This one pan Ranch Chicken and Rice Casserole couldn’t be easier to make. Chopped chicken gets marinated in Ranch dressing and added to rice, vegetables and chicken broth to bake topped with two cheeses and crispy bacon. This comfort food meal feeds a crowd!
I’m a big chicken tender Ranch dressing dipper myself. LOVE Ranch dressing and especially my Homemade Buttermilk Ranch Dressing. When ever we hit up a local restaurant for something quick I always order the chicken tenders with a side of Ranch dressing.
So when time is tight and you need a quick dinner, this Ranch Chicken and Rice Casserole is often one I choose to make.
What could be easier then cooking up some bacon as the oven warms up, cutting up chicken into bite size pieces and toss them in some Ranch dressing.
In a baking dish it goes along with some diced up onions and broccoli. Sprinkle the rice over it all and pour in the chicken broth.
Easy peasy right?
Layer on some shredded cheddar and mozzarella cheeses and in the oven it goes, covered, for 50 minutes and dinner is served!
With some more bacon crumbled on top before serving this one is sure to please.
Ranch Chicken and Rice Casserole
- 8 slices bacon (cut into bite size pieces)
- 2 lbs chicken breasts, boneless, skinless (cut into bite sized pieces)
- 1/2 cup Ranch dressing
- 1 tsp black pepper
- 1/2 tsp kosher salt
- 1/8 tsp cayenne pepper (optional)
- 1 1/4 cup white rice long grain
- 1 onion medium, diced small
- 2 cups broccoli florets chopped
- 2 1/2 cups chicken broth
- 1 cup cheddar cheese shredded
- 1/2 cup mozzarella shredded
- Preheat oven to 350°F.
- Chop bacon slices into small pieces and cook in hot skillet until crisp. Set aside. Chop broccoli into small bite size pieces.

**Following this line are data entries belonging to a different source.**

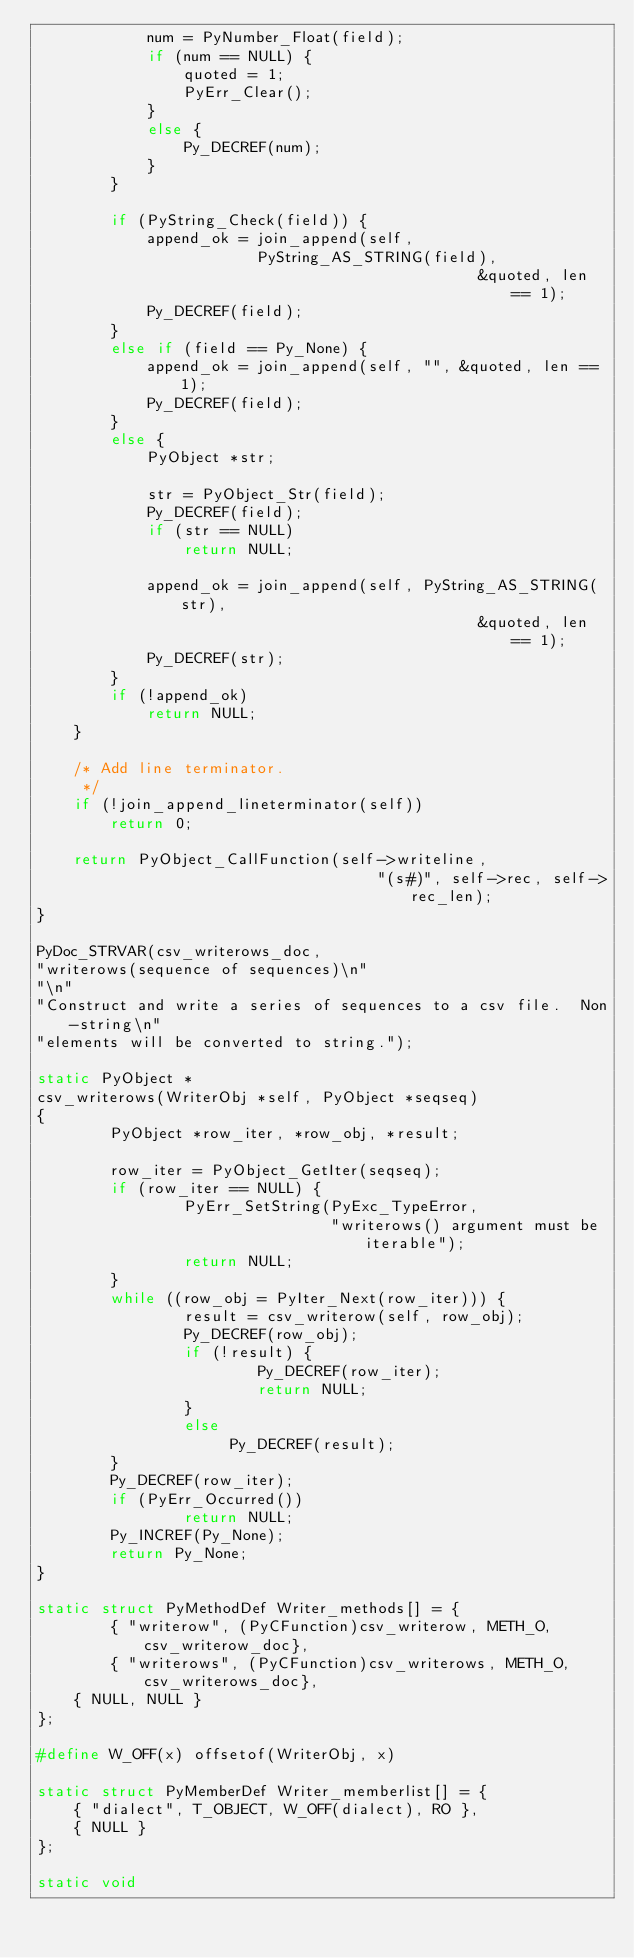<code> <loc_0><loc_0><loc_500><loc_500><_C_>			num = PyNumber_Float(field);
			if (num == NULL) {
				quoted = 1;
				PyErr_Clear();
			}
			else {
				Py_DECREF(num);
			}
		}

		if (PyString_Check(field)) {
			append_ok = join_append(self,
						PyString_AS_STRING(field),
                                                &quoted, len == 1);
			Py_DECREF(field);
		}
		else if (field == Py_None) {
			append_ok = join_append(self, "", &quoted, len == 1);
			Py_DECREF(field);
		}
		else {
			PyObject *str;

			str = PyObject_Str(field);
			Py_DECREF(field);
			if (str == NULL)
				return NULL;

			append_ok = join_append(self, PyString_AS_STRING(str), 
                                                &quoted, len == 1);
			Py_DECREF(str);
		}
		if (!append_ok)
			return NULL;
	}

	/* Add line terminator.
	 */
	if (!join_append_lineterminator(self))
		return 0;

	return PyObject_CallFunction(self->writeline, 
                                     "(s#)", self->rec, self->rec_len);
}

PyDoc_STRVAR(csv_writerows_doc,
"writerows(sequence of sequences)\n"
"\n"
"Construct and write a series of sequences to a csv file.  Non-string\n"
"elements will be converted to string.");

static PyObject *
csv_writerows(WriterObj *self, PyObject *seqseq)
{
        PyObject *row_iter, *row_obj, *result;

        row_iter = PyObject_GetIter(seqseq);
        if (row_iter == NULL) {
                PyErr_SetString(PyExc_TypeError,
                                "writerows() argument must be iterable");
                return NULL;
        }
        while ((row_obj = PyIter_Next(row_iter))) {
                result = csv_writerow(self, row_obj);
                Py_DECREF(row_obj);
                if (!result) {
                        Py_DECREF(row_iter);
                        return NULL;
                }
                else
                     Py_DECREF(result);   
        }
        Py_DECREF(row_iter);
        if (PyErr_Occurred())
                return NULL;
        Py_INCREF(Py_None);
        return Py_None;
}

static struct PyMethodDef Writer_methods[] = {
        { "writerow", (PyCFunction)csv_writerow, METH_O, csv_writerow_doc},
        { "writerows", (PyCFunction)csv_writerows, METH_O, csv_writerows_doc},
	{ NULL, NULL }
};

#define W_OFF(x) offsetof(WriterObj, x)

static struct PyMemberDef Writer_memberlist[] = {
	{ "dialect", T_OBJECT, W_OFF(dialect), RO },
	{ NULL }
};

static void</code> 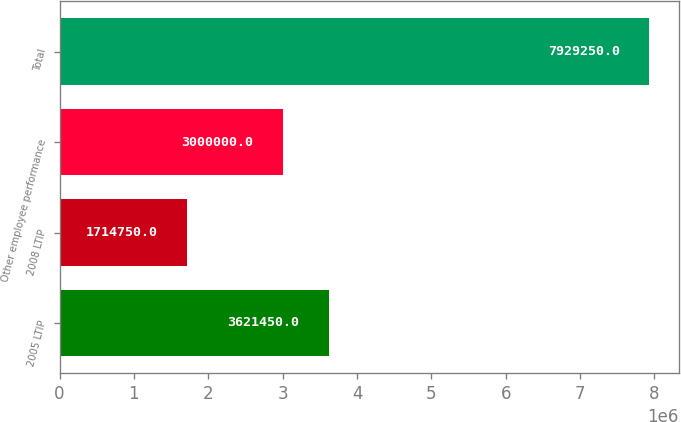Convert chart to OTSL. <chart><loc_0><loc_0><loc_500><loc_500><bar_chart><fcel>2005 LTIP<fcel>2008 LTIP<fcel>Other employee performance<fcel>Total<nl><fcel>3.62145e+06<fcel>1.71475e+06<fcel>3e+06<fcel>7.92925e+06<nl></chart>

- In a bowl mix together the chopped chicken, Ranch salad dressing, salt, black pepper and cayenne (optional). Set aside.
- Add the Ranch chicken, onion, broccoli, bacon (reserving half for garnish) to a 13x9” baking dish.

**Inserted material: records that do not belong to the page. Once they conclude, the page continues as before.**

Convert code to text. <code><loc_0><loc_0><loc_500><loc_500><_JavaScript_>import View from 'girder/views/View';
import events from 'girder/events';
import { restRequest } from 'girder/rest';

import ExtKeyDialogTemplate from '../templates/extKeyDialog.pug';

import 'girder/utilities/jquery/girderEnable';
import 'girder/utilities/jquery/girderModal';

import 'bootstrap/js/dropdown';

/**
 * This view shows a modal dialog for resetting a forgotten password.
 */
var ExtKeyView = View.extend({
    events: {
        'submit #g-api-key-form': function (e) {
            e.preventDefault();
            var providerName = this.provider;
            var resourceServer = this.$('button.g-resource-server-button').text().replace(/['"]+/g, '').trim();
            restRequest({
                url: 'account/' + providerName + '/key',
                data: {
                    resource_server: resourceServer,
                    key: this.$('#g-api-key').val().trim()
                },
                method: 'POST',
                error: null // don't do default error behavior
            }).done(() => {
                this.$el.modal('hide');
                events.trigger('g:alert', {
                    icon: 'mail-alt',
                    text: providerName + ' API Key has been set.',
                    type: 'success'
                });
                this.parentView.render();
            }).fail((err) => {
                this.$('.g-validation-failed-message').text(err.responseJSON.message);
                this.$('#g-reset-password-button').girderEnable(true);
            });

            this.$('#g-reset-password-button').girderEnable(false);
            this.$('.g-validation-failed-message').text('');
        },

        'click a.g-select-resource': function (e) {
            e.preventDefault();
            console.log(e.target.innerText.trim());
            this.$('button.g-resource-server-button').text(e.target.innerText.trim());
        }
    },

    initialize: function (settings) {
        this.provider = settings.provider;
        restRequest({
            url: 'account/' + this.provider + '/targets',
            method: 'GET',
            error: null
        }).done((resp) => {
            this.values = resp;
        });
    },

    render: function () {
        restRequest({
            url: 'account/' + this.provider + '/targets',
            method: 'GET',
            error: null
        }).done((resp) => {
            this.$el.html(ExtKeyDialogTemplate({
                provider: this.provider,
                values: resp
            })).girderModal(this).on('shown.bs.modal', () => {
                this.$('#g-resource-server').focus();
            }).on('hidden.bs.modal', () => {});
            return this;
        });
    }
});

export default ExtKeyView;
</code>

- Sprinkle the rice on top, pour chicken broth over all. Stir to mix well, distributing evenly to pan edges.
- Sprinkle cheddar and mozzarella cheeses on top. Cover baking dish with aluminum foil and bake for 30 minutes.
- Remove foil and bake another 15-20 minutes more, until chicken and rice is fully cooked.
- Remove from oven and garnish with remaining bacon and parsley before serving.